The Bard’s Tale on the Commodore 64. Note that this predates the screenshot immediately above by two full years.

In retrospect, the most surprising thing about the first Bard’s Tale, which was published through Electronic Arts in late 1985, is that nobody did it sooner. It was certainly no paragon of original design. If anything, it was even more derivative of Wizardry than Questron had been of Ultima, evincing not just the Wizardry template of play but almost the exact same screen layout and even most of the same command keys, right down to a bunch of spells that were cast by entering their four-letter codes found only in the manual (a useful form of copy protection). But Wizardry, thanks to Sir-Tech’s neglect, was vulnerable in ways that Ultima was not. Interplay did the commonsense upgrades to the Wizardry formula that Sir-Tech should have been doing, filling the game with colorful graphics, occasional dashes of spot animation, a bigger variety of monsters to fight, more equipment and spells and classes to experiment with. And, most importantly of all to its commercial success, they made sure a Commodore 64 version came out simultaneously with the Apple II. In the years that followed they funded loving ports to an almost Infocom-like variety of platforms, giving it further graphical facelifts for next-generation machines that the early Wizardry games would never reach, like the Commodore Amiga, Atari ST, and Apple IIGS.

The Bard's Tale

The Bard’s Tale‘s original touches, while by no means entirely absent, tinker with the Wizardry formula more than revamp it. Instead of doing everything outside of the dungeons via a simple textual menu system, you now have an entire town with a serious monster infestation of its own to explore. In the town of Skara Brae you can find not only equipment shops and temples and all the other stops typical of the errand-running adventurer but also the entrances to the dungeons themselves — five of them, with a total of 16 levels between them, as opposed to the original Wizardry‘s single dungeon of 10 slightly smaller and generally simpler levels. But the most obvious way that The Bard’s Tale asserts its individuality is in the whimsical character class of the bard himself, who can perform magic by playing songs; you actually hear his songs playing on your computer, another flourish The Bard’s Tale has over its inspiration. More importantly, he lends the game some of his lovably roguish personality: “When the going gets tough, the bard goes drinking,” ran the headline of EA’s advertisements. The official name of the game is actually Tales of the Unknown, Volume 1: The Bard’s Tale; the rather white-bread Tales of the Unknown, in other words, was originally intended as the franchise’s name, The Bard’s Tale as the mere subtitle of this installment. Interplay originally planned to call the next game The Archmage’s Tale, next stop in a presumed cycling through many fantasy character archetypes. The bard proved so popular, however, such an indelible part of the game’s personality and public image, that those plans were quickly set aside. The next game was released as The Bard’s Tale II: The Destiny Knight, the Tales of the Unknown moniker quietly retired.
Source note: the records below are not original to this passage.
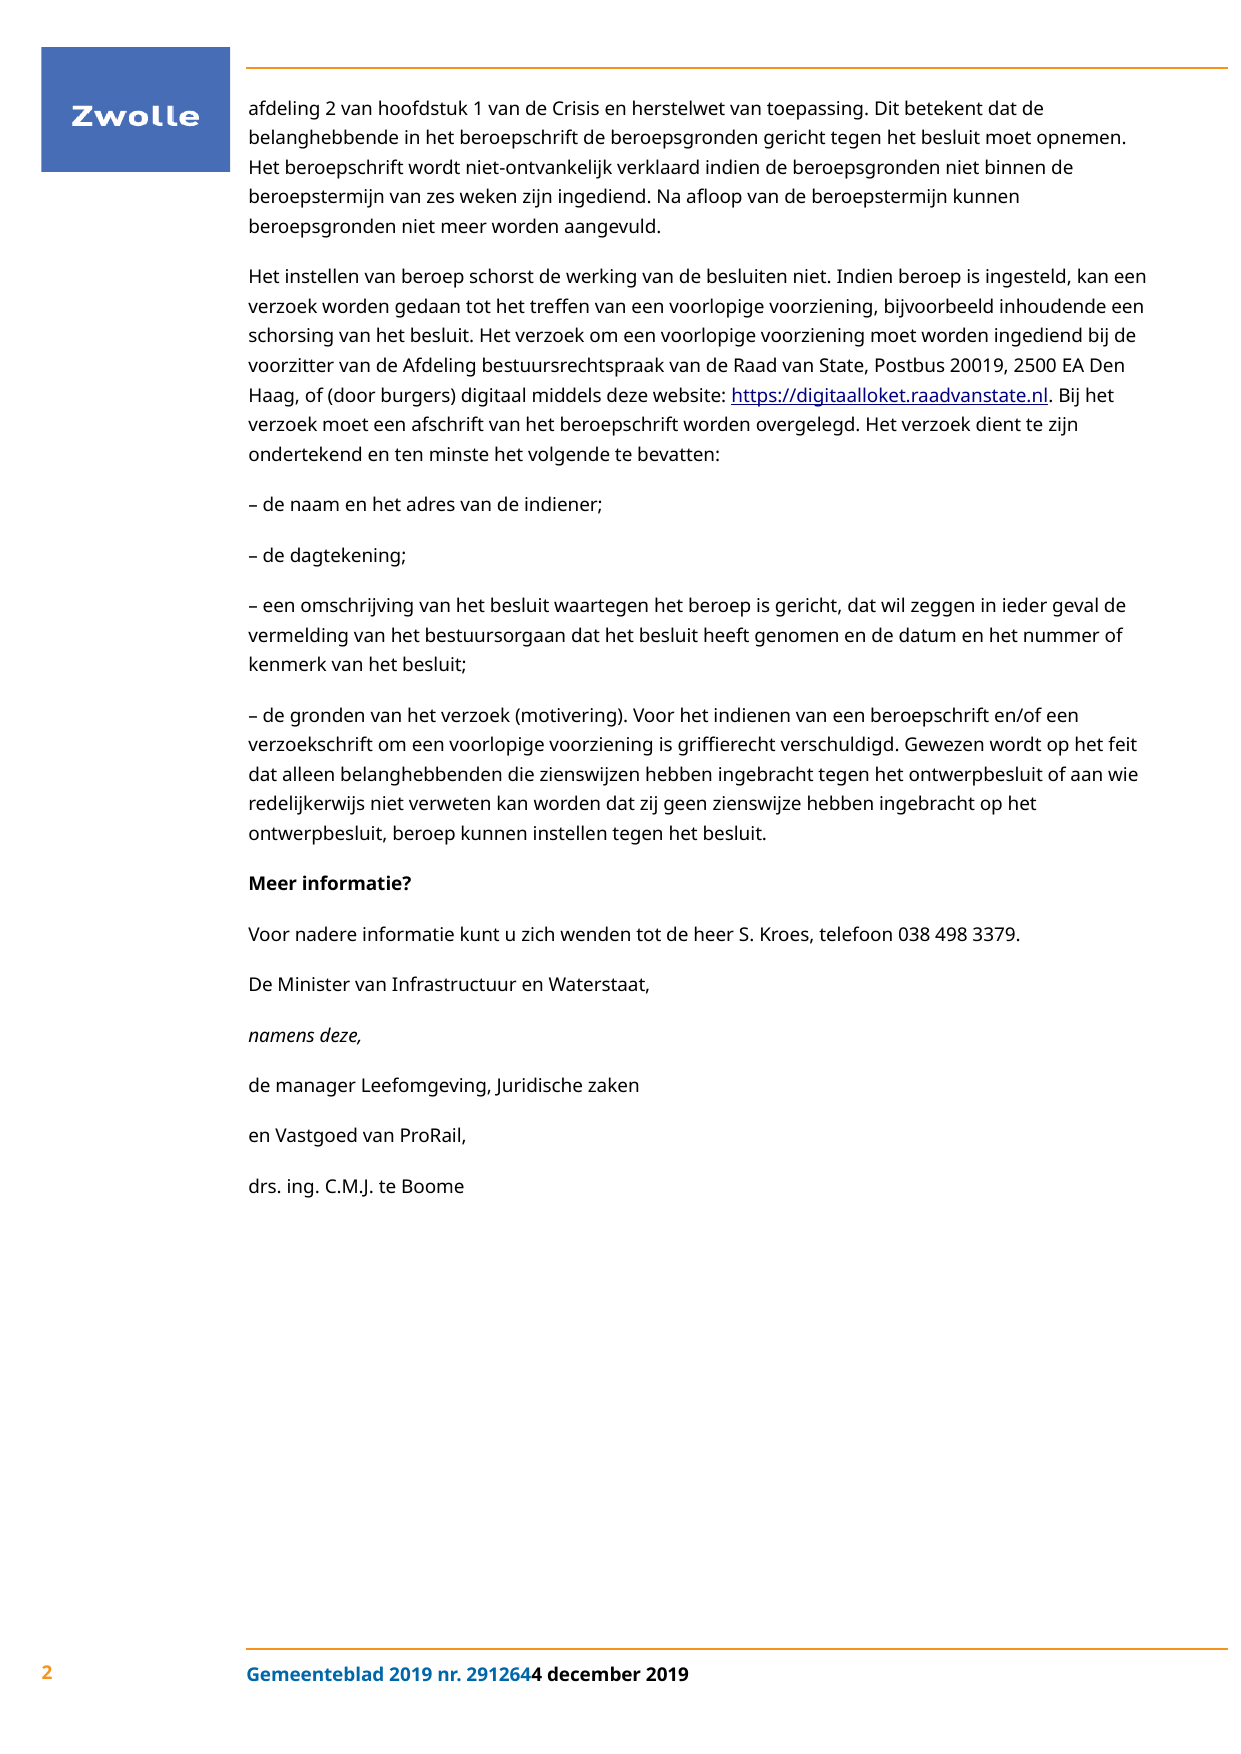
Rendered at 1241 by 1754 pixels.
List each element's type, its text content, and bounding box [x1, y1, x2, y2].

text afdeling 2 van hoofdstuk 1 van de Crisis en herstelwet van toepassing. Dit betekent dat de belanghebbende in het beroepschrift de beroepsgronden gericht tegen het besluit moet opnemen. Het beroepschrift wordt niet-ontvankelijk verklaard indien de beroepsgronden niet binnen de beroepstermijn van zes weken zijn ingediend. Na afloop van de beroepstermijn kunnen beroepsgronden niet meer worden aangevuld. [248, 95, 1152, 239]
text – de naam en het adres van de indiener; [248, 491, 1152, 517]
text Voor nadere informatie kunt u zich wenden tot de heer S. Kroes, telefoon 038 498 3379. [248, 921, 1152, 947]
text – een omschrijving van het besluit waartegen het beroep is gericht, dat wil zeggen in ieder geval de vermelding van het bestuursorgaan dat het besluit heeft genomen en de datum en het nummer of kenmerk van het besluit; [248, 592, 1152, 677]
text Het instellen van beroep schorst de werking van de besluiten niet. Indien beroep is ingesteld, kan een verzoek worden gedaan tot het treffen van een voorlopige voorziening, bijvoorbeeld inhoudende een schorsing van het besluit. Het verzoek om een voorlopige voorziening moet worden ingediend bij de voorzitter van de Afdeling bestuursrechtspraak van de Raad van State, Postbus 20019, 2500 EA Den Haag, of (door burgers) digitaal middels deze website: https://digitaalloket.raadvanstate.nl. Bij het verzoek moet een afschrift van het beroepschrift worden overgelegd. Het verzoek dient te zijn ondertekend en ten minste het volgende te bevatten: [248, 263, 1152, 467]
text De Minister van Infrastructuur en Waterstaat, [248, 971, 1152, 997]
text – de dagtekening; [248, 542, 1152, 568]
text Meer informatie? [248, 871, 1152, 896]
text de manager Leefomgeving, Juridische zaken [248, 1072, 1152, 1098]
text namens deze, [248, 1022, 1152, 1048]
text – de gronden van het verzoek (motivering). Voor het indienen van een beroepschrift en/of een verzoekschrift om een voorlopige voorziening is griffierecht verschuldigd. Gewezen wordt op het feit dat alleen belanghebbenden die zienswijzen hebben ingebracht tegen het ontwerpbesluit of aan wie redelijkerwijs niet verweten kan worden dat zij geen zienswijze hebben ingebracht op het ontwerpbesluit, beroep kunnen instellen tegen het besluit. [248, 702, 1152, 846]
text drs. ing. C.M.J. te Boome [248, 1173, 1152, 1199]
text en Vastgoed van ProRail, [248, 1123, 1152, 1148]
picture [41, 47, 231, 172]

Commodore 64 owners especially, starved as they had been of the Wizardry experience for years, set upon The Bard’s Tale like a horde of the mad dogs who are some of the first monsters you encounter in its labyrinths. Combined with EA’s usual slick marketing, their pent-up desire was more than enough to make it a massive, massive success, the first CRPG not named Wizardry to be able to challenge the Ultima franchise head to head in terms of sales, if not quite critical respect (it was hard for even the forgiving gaming press of the 1980s to completely overlook just how derivative a game it was). The Bard’s Tale would wind up selling 407,000 copies by the end of 1990, becoming the best-selling single CRPG of the 1980s and single-handedly making Interplay a force to be reckoned with in the games industry. They would remain one of the major creative forces in gaming for the next decade and a half; we’ll have occasion to visit their story again and in more detail in future articles.
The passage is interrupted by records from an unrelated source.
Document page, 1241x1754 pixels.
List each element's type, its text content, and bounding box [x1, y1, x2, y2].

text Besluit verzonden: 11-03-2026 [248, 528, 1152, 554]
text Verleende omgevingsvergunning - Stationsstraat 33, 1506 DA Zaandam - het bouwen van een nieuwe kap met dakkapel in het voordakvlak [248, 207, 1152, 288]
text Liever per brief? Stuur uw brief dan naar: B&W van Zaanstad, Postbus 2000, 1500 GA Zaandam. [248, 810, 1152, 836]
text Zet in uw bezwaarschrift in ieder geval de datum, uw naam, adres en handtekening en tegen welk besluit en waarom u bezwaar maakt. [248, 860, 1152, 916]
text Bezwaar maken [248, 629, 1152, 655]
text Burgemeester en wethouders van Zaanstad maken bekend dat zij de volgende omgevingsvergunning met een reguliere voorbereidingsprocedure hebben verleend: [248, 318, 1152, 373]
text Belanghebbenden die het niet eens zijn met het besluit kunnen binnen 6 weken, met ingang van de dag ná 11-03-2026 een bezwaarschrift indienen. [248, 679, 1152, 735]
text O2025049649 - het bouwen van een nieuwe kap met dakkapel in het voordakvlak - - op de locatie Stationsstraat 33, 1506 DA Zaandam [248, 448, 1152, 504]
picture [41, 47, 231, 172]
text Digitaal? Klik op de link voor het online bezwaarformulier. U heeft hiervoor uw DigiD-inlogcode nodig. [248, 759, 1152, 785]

There is, however, a certain whiff of poetic justice to the way that Interplay allowed this particular franchise to go stale in much the same way that Sir-Tech had Wizardry. The Bard’s Tale II (1986) and III (1988) were each successful enough on their own terms, but a story all too familiar to Sir-Tech played out as each installment sold worse than the one before. The series then faded away quietly after The Bard’s Tale Construction Set (1991), for which Interplay polished up some of their internal authoring tools for public consumption. By then The Bard’s Tale was already long past its heyday, its position of yin to Ultima‘s yang taken up by yet another franchise, the officially licensed Advanced Dungeons and Dragons games from SSI. (At least two attempts at a Bard’s Tale IV never came to fruition, doomed by the IP Hell that resulted from Interplay parting company with EA; EA owned the name of the franchise, Interplay most of the content. Interplay’s attempt at a Bard’s Tale IV did eventually come to market as Dragon Wars, actually a far more ambitious game than any of its predecessors but one that was markedly unsuccessful commercially.)
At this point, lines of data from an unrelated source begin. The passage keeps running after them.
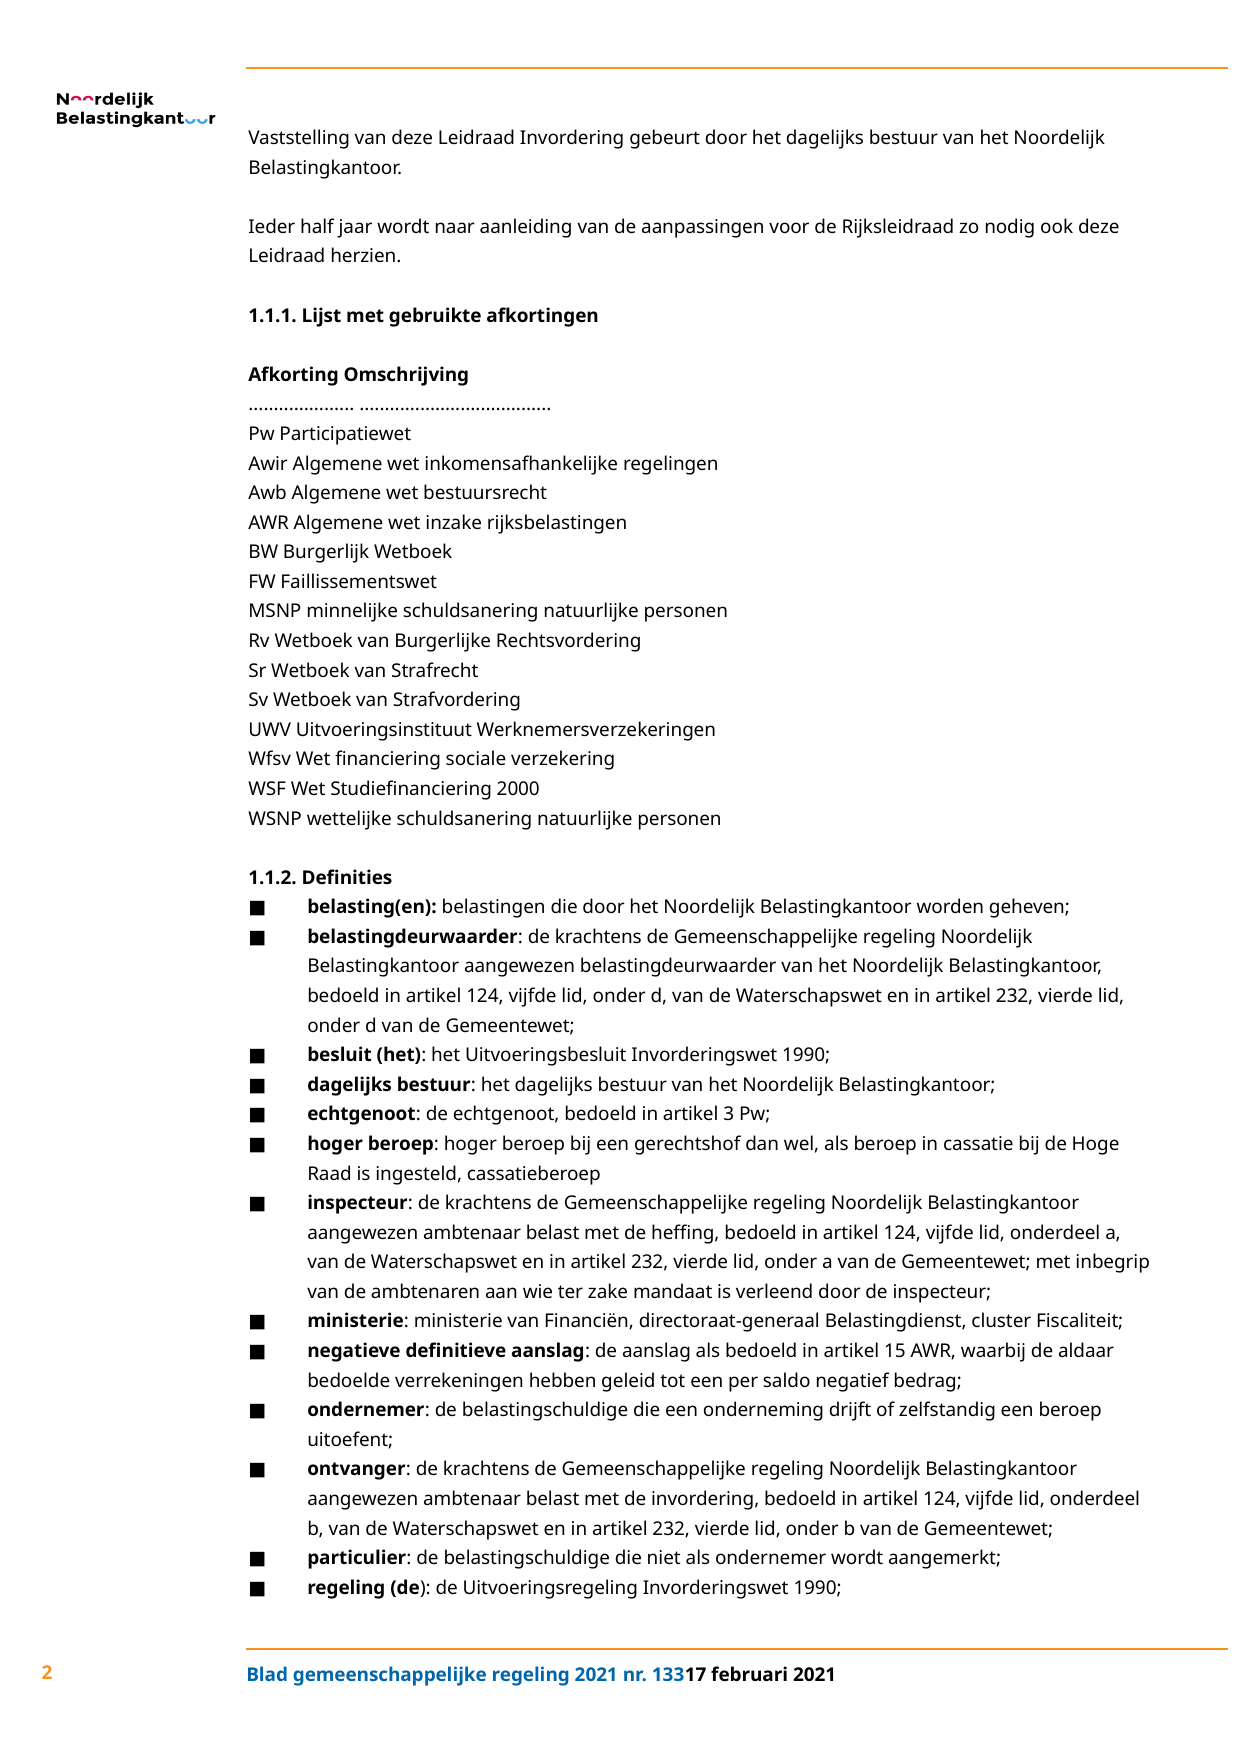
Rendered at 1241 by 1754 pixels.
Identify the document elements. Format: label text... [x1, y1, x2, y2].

list negatieve definitieve aanslag: de aanslag als bedoeld in artikel 15 AWR, waarbij de aldaar bedoelde verrekeningen hebben geleid tot een per saldo negatief bedrag; [248, 1337, 1152, 1393]
text 1.1.1. Lijst met gebruikte afkortingen [248, 302, 1152, 328]
text Awir Algemene wet inkomensafhankelijke regelingen [248, 450, 1152, 476]
text Sr Wetboek van Strafrecht [248, 657, 1152, 683]
text AWR Algemene wet inzake rijksbelastingen [248, 509, 1152, 535]
list ondernemer: de belastingschuldige die een onderneming drijft of zelfstandig een beroep uitoefent; [248, 1396, 1152, 1452]
list particulier: de belastingschuldige die niet als ondernemer wordt aangemerkt; [248, 1544, 1152, 1570]
text ..................... ...................................... [248, 391, 1152, 416]
text Ieder half jaar wordt naar aanleiding van de aanpassingen voor de Rijksleidraad zo nodig ook deze Leidraad herzien. [248, 213, 1152, 268]
list hoger beroep: hoger beroep bij een gerechtshof dan wel, als beroep in cassatie bij de Hoge Raad is ingesteld, cassatieberoep [248, 1130, 1152, 1186]
text MSNP minnelijke schuldsanering natuurlijke personen [248, 598, 1152, 623]
text Wfsv Wet financiering sociale verzekering [248, 746, 1152, 771]
list ontvanger: de krachtens de Gemeenschappelijke regeling Noordelijk Belastingkantoor aangewezen ambtenaar belast met de invordering, bedoeld in artikel 124, vijfde lid, onderdeel b, van de Waterschapswet en in artikel 232, vierde lid, onder b van de Gemeentewet; [248, 1456, 1152, 1541]
list dagelijks bestuur: het dagelijks bestuur van het Noordelijk Belastingkantoor; [248, 1071, 1152, 1097]
list ministerie: ministerie van Financiën, directoraat-generaal Belastingdienst, cluster Fiscaliteit; [248, 1308, 1152, 1333]
text FW Faillissementswet [248, 568, 1152, 594]
text UWV Uitvoeringsinstituut Werknemersverzekeringen [248, 716, 1152, 742]
picture [41, 47, 231, 172]
text BW Burgerlijk Wetboek [248, 538, 1152, 564]
list belasting(en): belastingen die door het Noordelijk Belastingkantoor worden geheven; [248, 893, 1152, 919]
text Rv Wetboek van Burgerlijke Rechtsvordering [248, 627, 1152, 653]
text Awb Algemene wet bestuursrecht [248, 479, 1152, 505]
text Pw Participatiewet [248, 420, 1152, 446]
text 1.1.2. Definities [248, 864, 1152, 890]
list besluit (het): het Uitvoeringsbesluit Invorderingswet 1990; [248, 1041, 1152, 1067]
list regeling (de): de Uitvoeringsregeling Invorderingswet 1990; [248, 1574, 1152, 1600]
text WSF Wet Studiefinanciering 2000 [248, 775, 1152, 801]
text Sv Wetboek van Strafvordering [248, 686, 1152, 712]
list inspecteur: de krachtens de Gemeenschappelijke regeling Noordelijk Belastingkantoor aangewezen ambtenaar belast met de heffing, bedoeld in artikel 124, vijfde lid, onderdeel a, van de Waterschapswet en in artikel 232, vierde lid, onder a van de Gemeentewet; met inbegrip van de ambtenaren aan wie ter zake mandaat is verleend door de inspecteur; [248, 1189, 1152, 1304]
text WSNP wettelijke schuldsanering natuurlijke personen [248, 805, 1152, 831]
list belastingdeurwaarder: de krachtens de Gemeenschappelijke regeling Noordelijk Belastingkantoor aangewezen belastingdeurwaarder van het Noordelijk Belastingkantoor, bedoeld in artikel 124, vijfde lid, onder d, van de Waterschapswet en in artikel 232, vierde lid, onder d van de Gemeentewet; [248, 923, 1152, 1038]
text Vaststelling van deze Leidraad Invordering gebeurt door het dagelijks bestuur van het Noordelijk Belastingkantoor. [248, 124, 1152, 180]
list echtgenoot: de echtgenoot, bedoeld in artikel 3 Pw; [248, 1101, 1152, 1126]
text Afkorting Omschrijving [248, 361, 1152, 387]

The sequels did add some wrinkles to the formula. The Bard’s Tale II deployed a strangely grid-oriented wilderness to explore in addition to towns — six of them this time — and dungeons, and added range as a consideration to the combat engine. The Bard’s Tale III: The Thief of Fate offered more welcome improvements to the core engine, including a simple auto-mapping feature and, at long last, the ability to save the game even inside a dungeon. But mostly the sequels fell into a trap all too typical of CRPGs, of offering not so much new things to do as just ever larger amounts of the same interchangeably generic content to slog through and laboriously map; over the course of the trilogy we go from 16 to 25 to an absurd 84 dungeon levels. This despite the fact that there just aren’t that many permutations allowed by this simple dungeon-delving engine and its spinners, magical darknesses, teleporters, and traps. Long before the end of the first Bard’s Tale it’s starting to get a bit tedious; by the time you get to the sequels it’s just exhausting. It’s not hard to understand Interplay’s motivation for making the games ever huger. Gamers have always loved the idea of big games that give them more for their money, and by the third game Interplay’s in-house tools were sophisticated enough to allow them to slap together a gnarly dungeon level in probably much less time than it would take the average player to struggle through it. Still, the early Wizardry games stand up better as holistic designs today. The first Wizardry‘s ten modest dungeon levels were enough to consume quite some hours, but not too many; the game is over right about the time it threatens to get boring, a mark the latter Bard’s Tales in particular quite resoundingly overshoot.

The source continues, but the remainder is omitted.